Task to carry out: The result should be every line of the listing that contains "roll".
◆ ◆ ◆ ◆ ◆ ◆ ◆
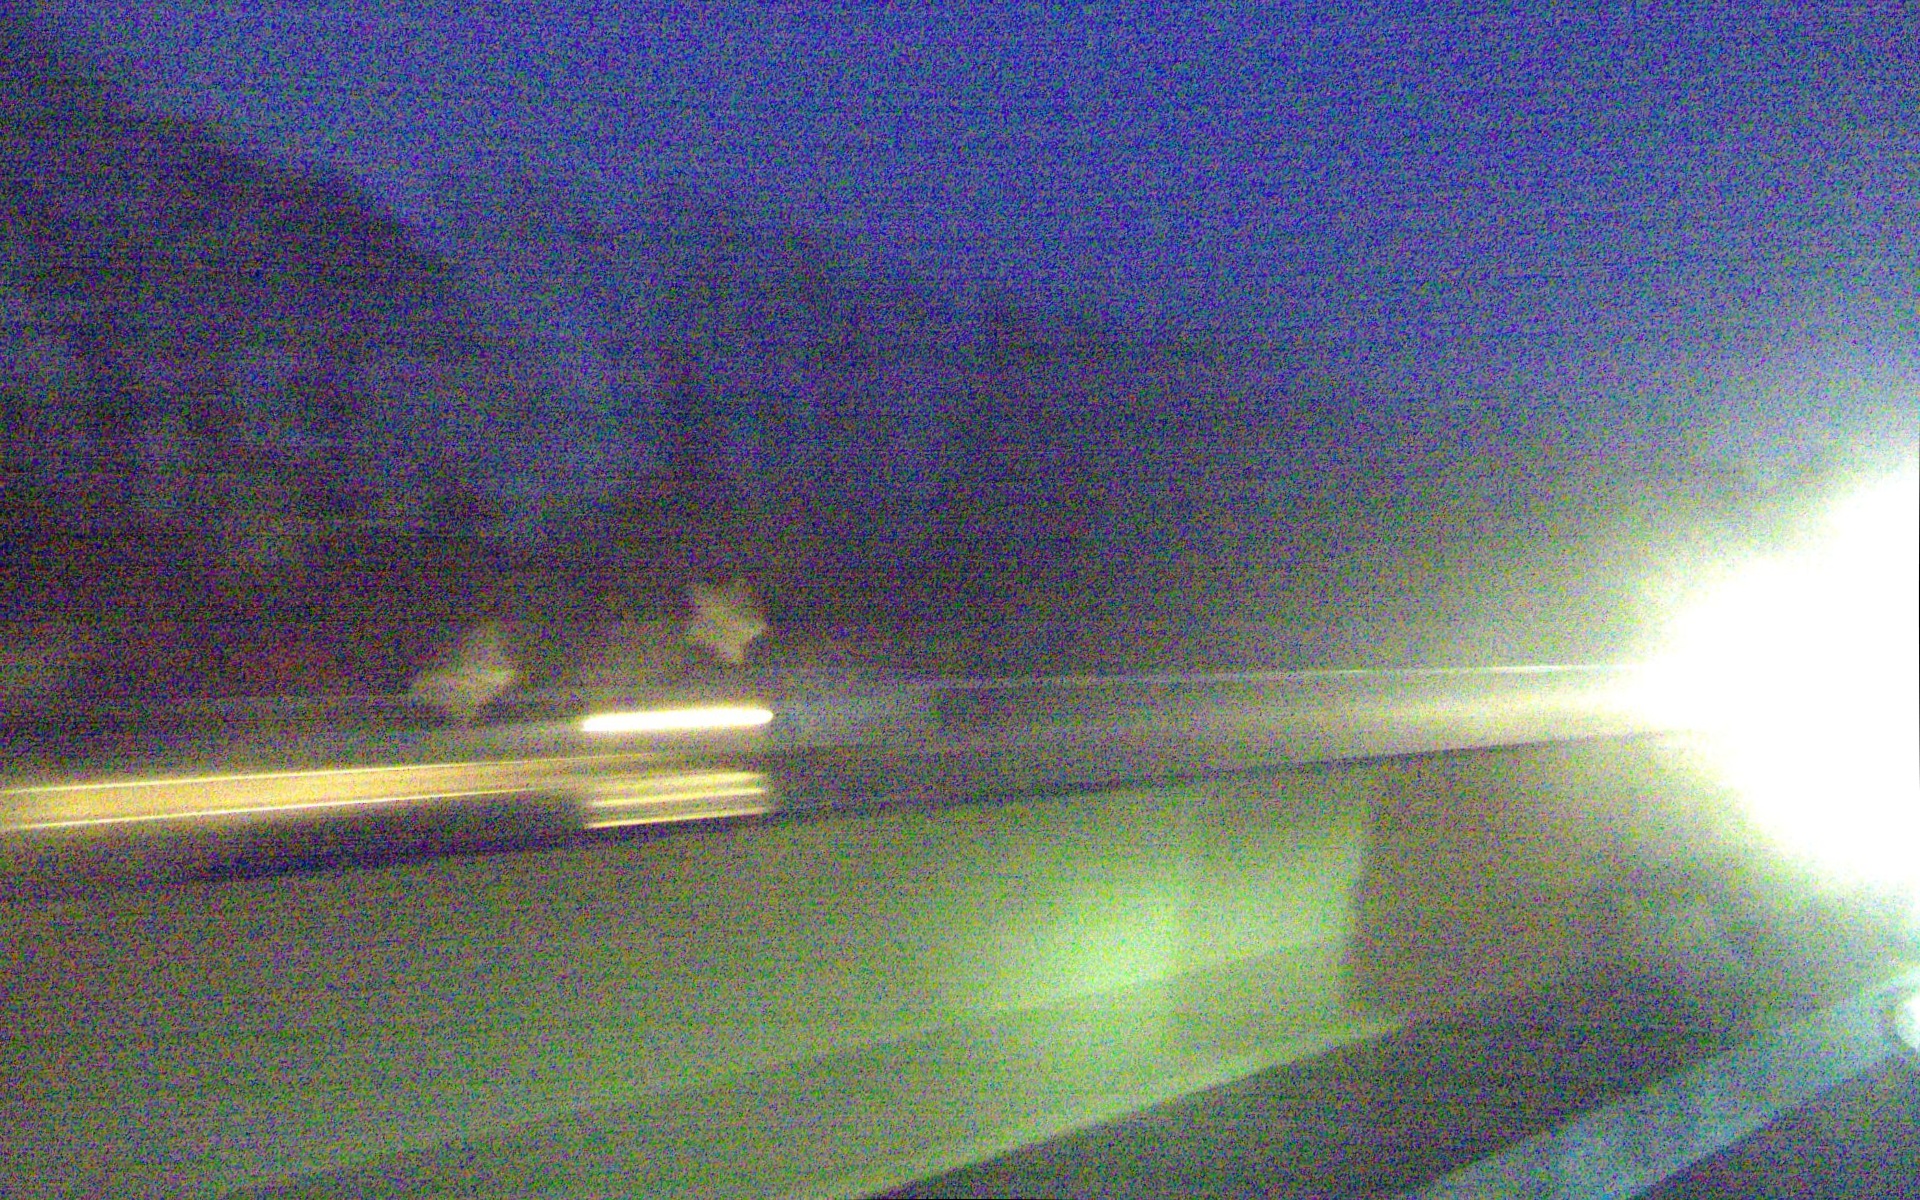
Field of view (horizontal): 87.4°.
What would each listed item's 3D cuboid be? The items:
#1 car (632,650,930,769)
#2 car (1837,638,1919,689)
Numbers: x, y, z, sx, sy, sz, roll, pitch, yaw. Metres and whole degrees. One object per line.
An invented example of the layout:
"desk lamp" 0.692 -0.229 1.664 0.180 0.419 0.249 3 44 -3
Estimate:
"car" -2.895 1.699 16.548 4.456 1.706 1.906 2 -3 -32
"car" 38.723 2.589 41.849 5.039 1.840 1.982 0 1 -33
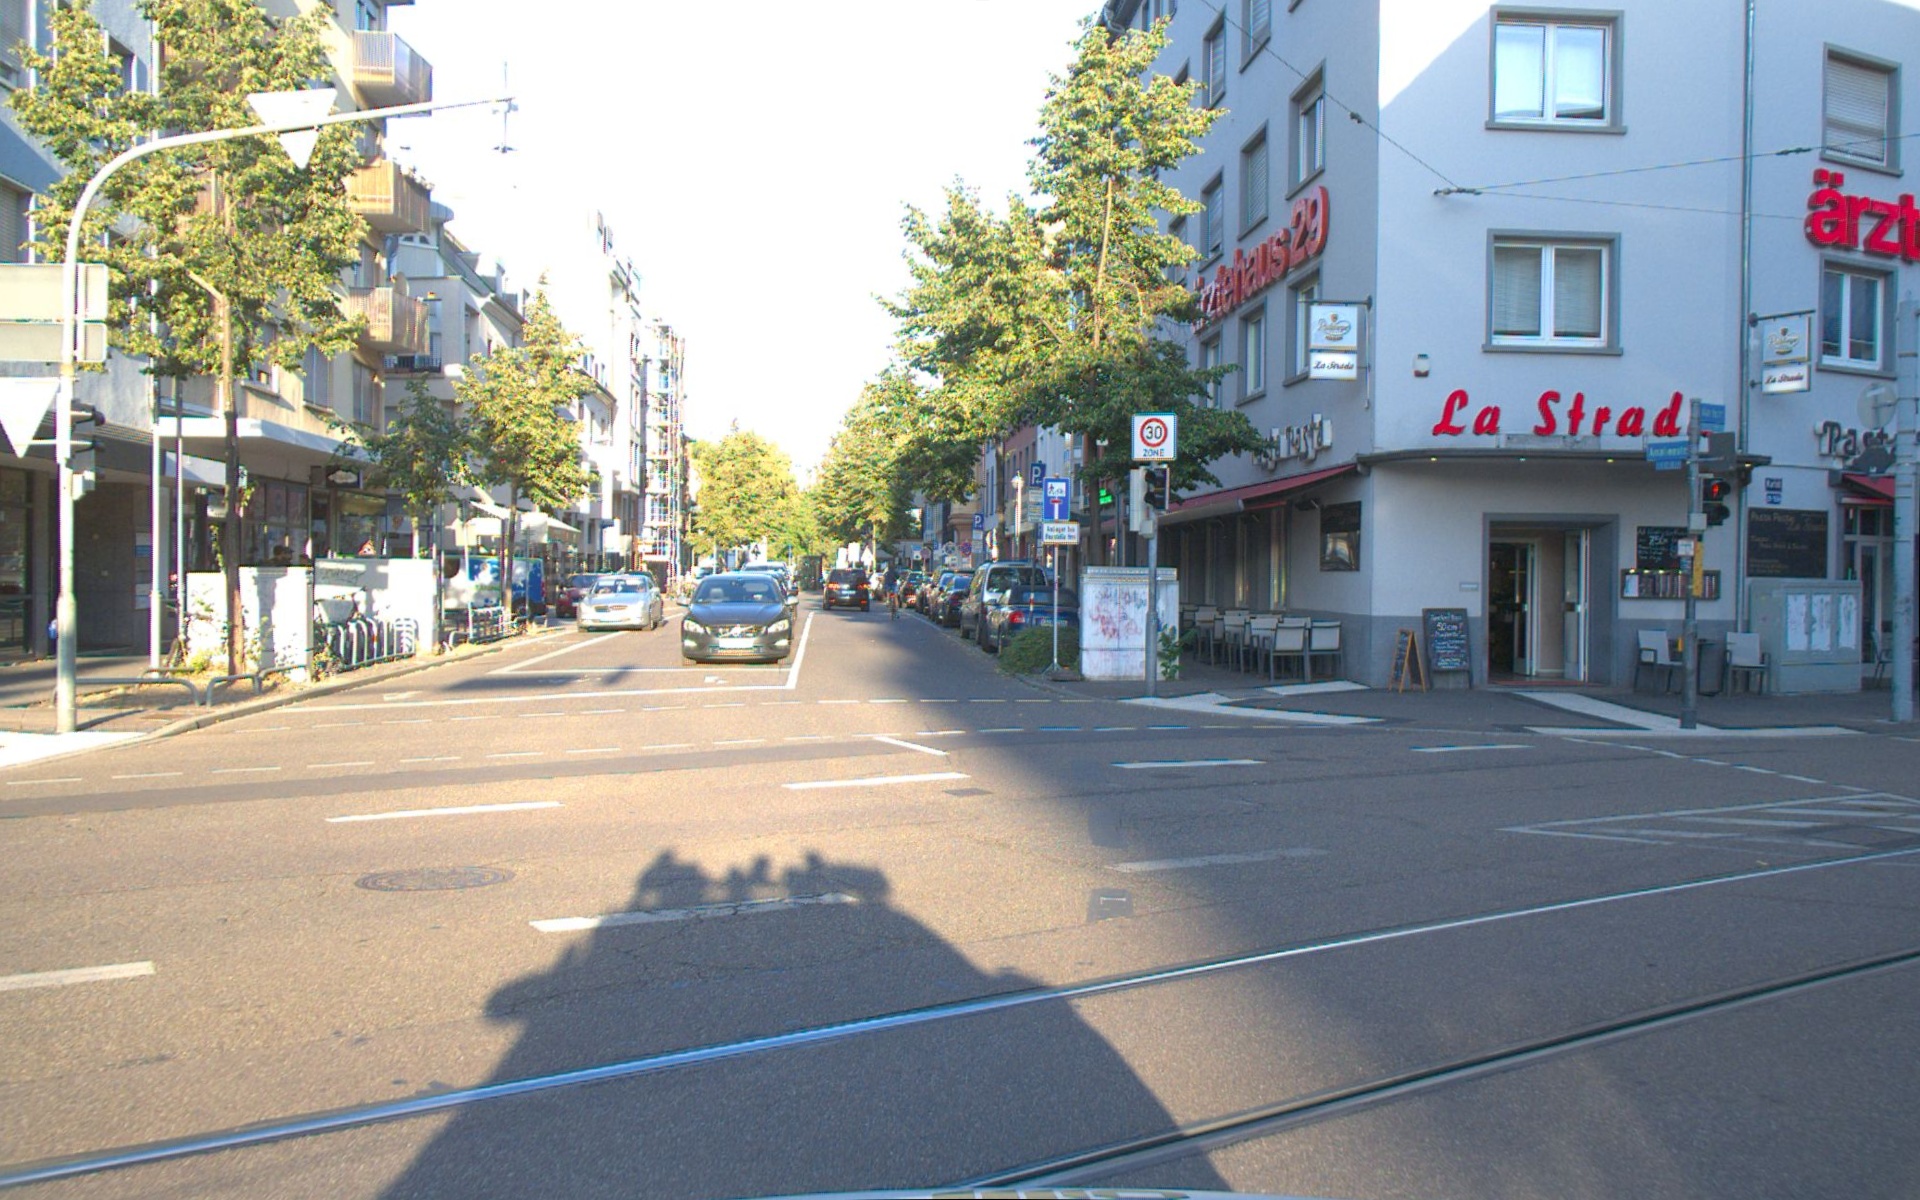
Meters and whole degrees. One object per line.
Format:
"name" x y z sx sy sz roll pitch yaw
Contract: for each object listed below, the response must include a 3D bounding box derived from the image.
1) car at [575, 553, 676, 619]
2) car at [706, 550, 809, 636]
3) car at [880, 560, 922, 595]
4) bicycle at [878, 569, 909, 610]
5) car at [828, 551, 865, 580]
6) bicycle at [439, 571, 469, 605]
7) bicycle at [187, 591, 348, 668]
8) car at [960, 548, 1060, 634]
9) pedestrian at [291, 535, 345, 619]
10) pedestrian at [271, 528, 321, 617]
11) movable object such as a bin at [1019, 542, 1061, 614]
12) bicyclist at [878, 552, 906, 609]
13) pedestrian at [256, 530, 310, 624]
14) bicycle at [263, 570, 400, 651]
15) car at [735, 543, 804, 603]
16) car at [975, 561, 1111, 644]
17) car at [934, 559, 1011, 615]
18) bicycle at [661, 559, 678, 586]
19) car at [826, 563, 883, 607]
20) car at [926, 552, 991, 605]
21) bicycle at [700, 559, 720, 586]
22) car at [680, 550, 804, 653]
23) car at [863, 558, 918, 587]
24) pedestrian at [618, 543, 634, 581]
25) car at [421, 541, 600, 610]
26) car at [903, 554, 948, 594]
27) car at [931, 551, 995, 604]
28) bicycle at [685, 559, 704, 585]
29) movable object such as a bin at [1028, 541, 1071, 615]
"car" -8.572 -0.375 42.704 1.955 1.538 4.505 -2 1 -5
"car" -4.161 -0.169 34.609 1.908 1.673 4.612 0 1 -4
"car" -3.136 -1.190 87.693 1.790 1.724 4.362 2 1 -8
"bicycle" -2.040 -0.332 50.505 0.766 1.225 2.018 0 1 -7
"car" -8.308 -2.481 120.620 2.223 1.796 4.502 6 0 -8
"bicycle" -15.419 -0.382 50.392 0.480 1.009 2.013 2 0 -6
"bicycle" -9.648 0.415 23.087 1.972 1.009 0.490 2 0 -9
"car" 1.078 -0.258 37.817 1.623 1.809 4.005 2 2 -8
"pedestrian" -13.310 -0.482 34.301 0.755 1.705 0.740 2 1 38
"pedestrian" -14.019 -0.581 34.923 0.726 1.850 0.813 0 2 -3
"movable object such as a bin" 2.078 -0.571 43.098 0.819 1.804 1.351 2 0 -8
"bicyclist" -2.070 -0.598 50.410 0.766 1.726 1.006 0 1 -7
"pedestrian" -13.640 -0.473 33.328 0.751 1.879 0.744 1 2 5
"bicycle" -10.081 0.166 26.571 1.970 1.240 0.491 2 0 -5
"car" -5.538 -0.781 48.421 1.903 1.673 4.733 -1 1 -6
"car" 1.493 0.007 31.309 1.900 1.400 4.177 2 1 -6
"car" 0.313 -0.395 47.266 1.719 1.445 4.505 2 1 -5
"bicycle" -15.970 -1.504 90.929 0.708 1.420 3.143 2 1 -13
"car" -4.070 -0.586 64.558 1.953 1.629 4.509 2 1 -1
"car" -0.107 -0.766 59.420 1.847 1.785 5.053 2 1 -6
"bicycle" -13.838 -1.517 91.482 0.877 1.420 3.156 1 1 -13
"car" -3.672 -0.039 28.184 1.921 1.574 4.504 0 2 -7
"car" -3.954 -1.570 93.757 2.913 1.563 1.430 2 0 -9
"pedestrian" -16.094 -1.811 79.771 0.704 1.798 0.692 2 0 -13
"car" -13.236 -0.704 48.752 4.805 1.859 1.984 2 0 -26
"car" -1.575 -1.144 74.551 1.776 1.697 4.202 2 1 -4
"car" 0.044 -0.719 53.221 1.776 1.554 4.991 2 1 -3
"bicycle" -14.667 -1.524 91.269 0.767 1.397 3.132 2 1 -13
"movable object such as a bin" 2.265 -0.553 41.812 0.819 1.804 1.204 2 0 -8
◆ ◆ ◆ ◆ ◆ ◆ ◆
Result of this exercise:
Numbers: x, y, z, sx, sy, sz, roll, pitch, yaw. Metres and whole degrees. One object per line.
"name" x y z sx sy sz roll pitch yaw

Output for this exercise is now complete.